Interobserver evaluation revealed no significant differences for any of the assessed coordinates in either Eximius Med or MNPS ([Table 2]). This finding indicates that both evaluators marked points with comparable accuracy across both software tools, independent of the platform used.

Discussion

This study evaluated the equivalence between Eximius Med and MNPS software in defining stereotactic coordinates. Our findings demonstrate a high level of consistency and accuracy between both platforms, with a mean Euclidean distance of 0.07 ± 0.056 (95%CI: −0.037–0.18) mm between corresponding points. This submillimetric difference is clinically insignificant in the context of stereotactic neurosurgery, where frame graduations and practical limitations typically constrain precision to the millimeter scale.

Stereotaxy is a widely used method of image-guided surgery particularly useful for minimally invasive approaches and device implantation, with reported morbidity rates of 0 to 6.5%, mortality rates of 0 to 9%, and accuracy rates of 88 to 100%.[3] A critical understanding of the mathematics involved in coordinate transformations is essential, as it has direct implications during surgery.[4] [5] [6] [7] [8] [9] [10] [11] [12]

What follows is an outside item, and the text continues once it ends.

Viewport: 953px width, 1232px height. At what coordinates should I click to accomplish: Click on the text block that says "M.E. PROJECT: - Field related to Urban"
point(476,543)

The observed systematic differences in individual coordinates (X: 0.11 ± 0.02 mm; p = 0.04; Y: −0.56 ± 0.04 mm; p < 0.001; and Z: −0.26 ± 0.04 mm; p < 0.001), while statistically significant, are well within the acceptable range for stereotactic procedures. The perfect positive correlation (ICC = 1) between measurements from both software platforms further supports their equivalence. This high level of agreement is crucial for the interchangeability of these tools in clinical practice, potentially allowing for seamless transitions between platforms without compromising the accuracy of surgical planning.

Moreover, the lack of significant interobserver differences in coordinate marking across both software platforms ([Table 2]) underscores the reliability and user-friendliness of these tools. This consistency between evaluators is essential in clinical settings where multiple team members may be involved in surgical planning. Eximius Med, primarily developed as a medical imaging processing tool, has successfully integrated stereotactic functionality comparable to the established MNPS software. This expansion of capabilities is particularly relevant given the increasing complexity of neurosurgical planning and the growing demand for precise, image-guided interventions.

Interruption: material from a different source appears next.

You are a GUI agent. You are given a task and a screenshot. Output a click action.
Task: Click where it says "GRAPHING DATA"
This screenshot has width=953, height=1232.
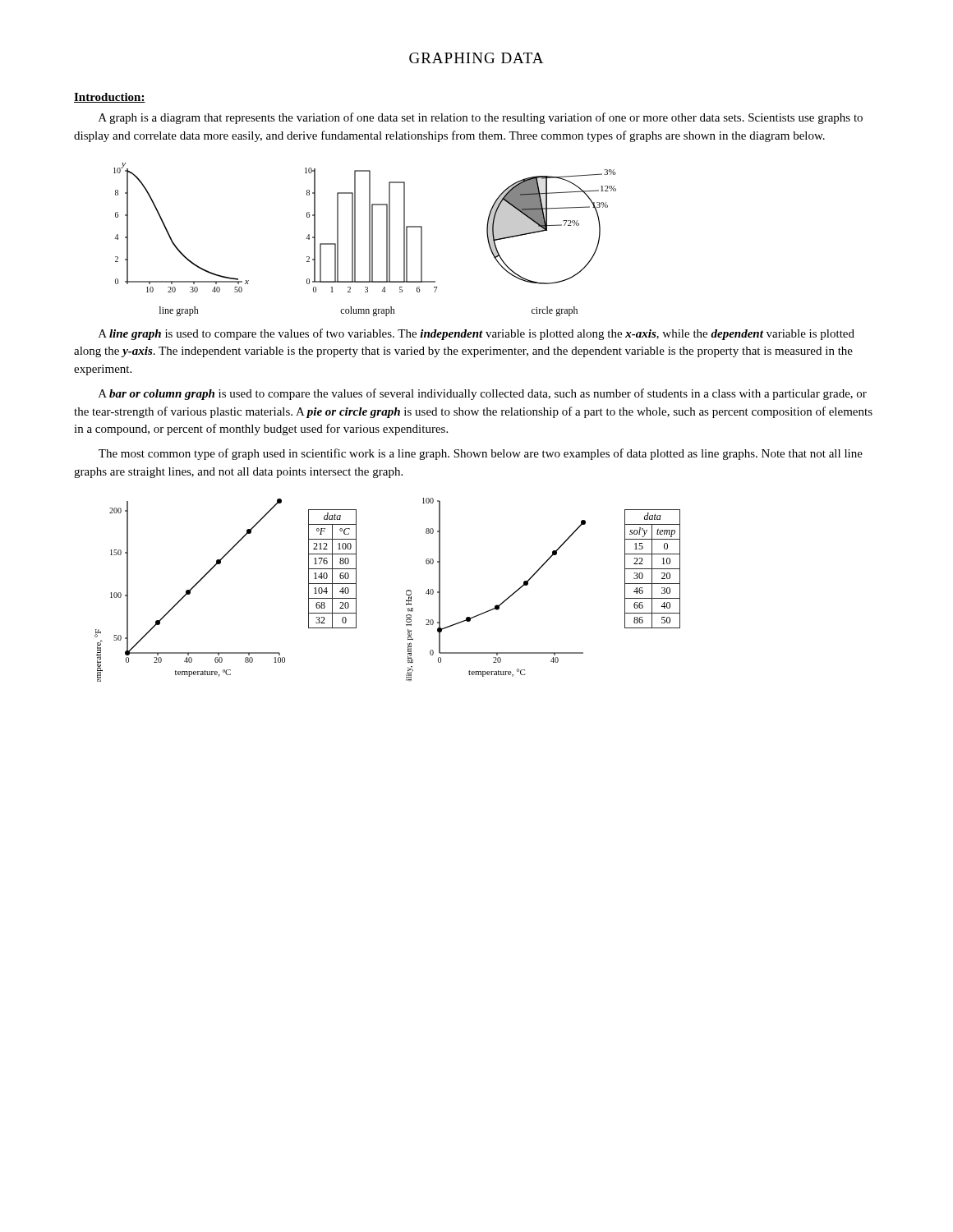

Eximius Med, primarily a medical imaging processing tool enabling visualization, three-dimensional reconstruction, and surgical planning based on CT and MRI scans, has expanded its functionality to include a stereotactic module. This module incorporates various tools commonly used in image-guided neurosurgery, from measurement tools to image coregistration.

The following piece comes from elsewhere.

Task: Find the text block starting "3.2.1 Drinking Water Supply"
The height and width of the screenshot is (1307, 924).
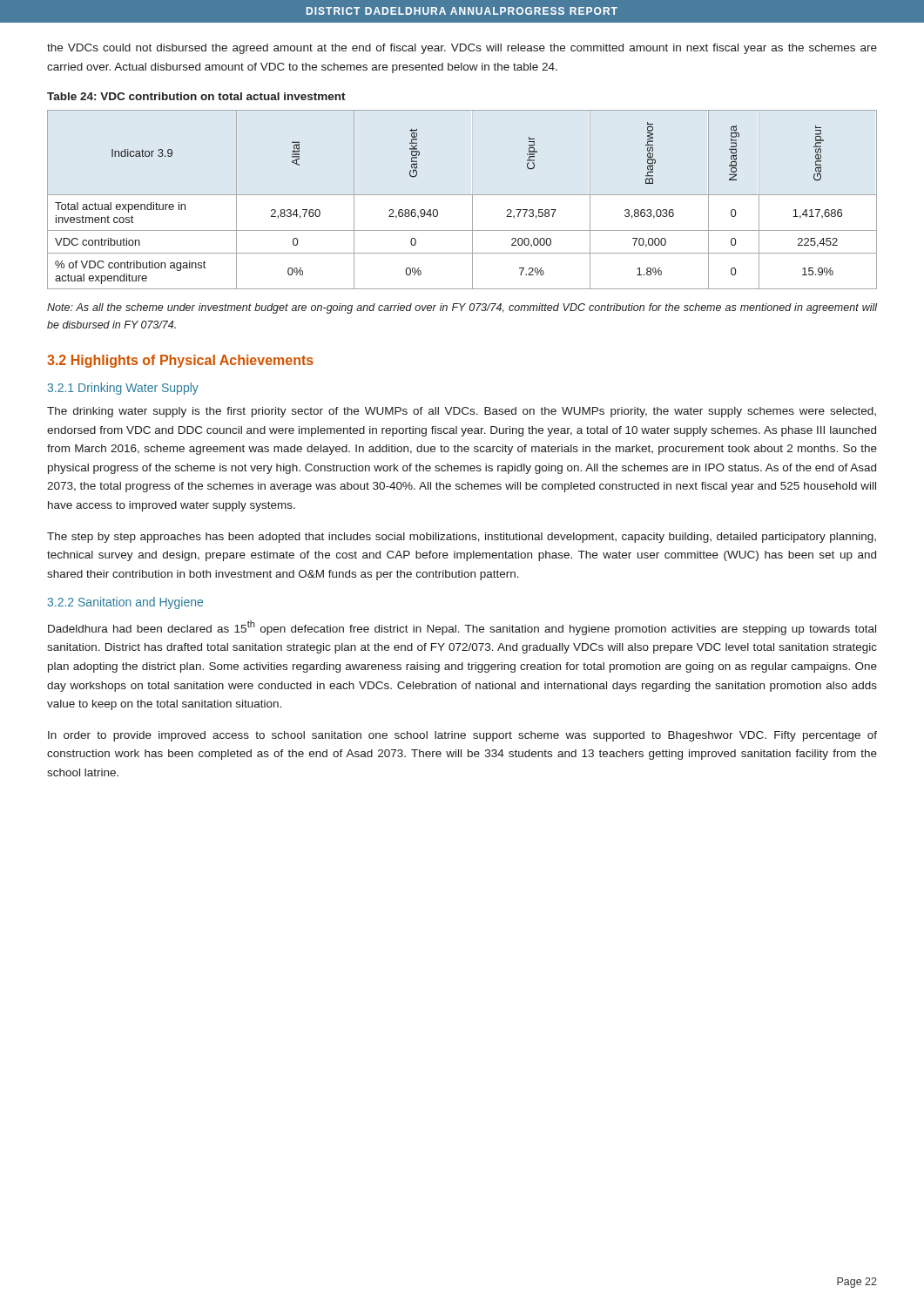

There is a demonstrated lower distortion and greater precision in CT- compared to MRI-based procedures.[5] The submillimetric differences observed in our study were deemed clinically irrelevant, given that stereotactic frames are graduated in discrete millimeter values. This finding aligns with observations by Paraskevopoulos et al.,[6] where statistically significant measurement differences did not necessarily impact surgical outcomes.[5] [6] [7]

Previous clinical studies have shown that neuronavigation software, as Eximius Med, is highly effective for surgical planning, with an average error of 4.05 ± 3.62 mm between virtual image and actual location. This high accuracy has been associated with minimized craniotomy sizes, albeit with a slight increase in average surgical procedure time.[8] [9]

Stereotactic techniques have also improved the accuracy and efficiency of deep brain stimulation (DBS) in treating Parkinson's disease, essential tremor, and primary dystonia.[10] In a study utilizing the MicroTargeting Microtable (FHC, Inc.) platform, the mean Euclidean positioning error of DBS electrodes was 0.97 ± 0.37 mm, with a mean radial error of 0.80 ± 0.41 mm (n = 9), demonstrating submillimetric precision comparable to our findings.[11]

Stereotaxy has also proven valuable in accurate lesion diagnosis through biopsies. Studies comparing stereotactic biopsy (SB) with open surgical resection have reported concordance rates between 43 and 100%.[13] [14] [15] [16] [17] In a series of 47 patients, SB diagnoses showed 80% concordance with postresection or postmortem diagnoses,[14] highlighting its potential as a safe and accurate diagnostic method.

Our findings support the equivalence of these software platforms in stereotactic planning applications. This equivalence is crucial, as accurate stereotactic planning is fundamental to enhancing patient safety, optimizing surgical precision, and improving clinical outcomes across a range of neurosurgical procedures, including DBS, tumor biopsies, and minimally invasive interventions.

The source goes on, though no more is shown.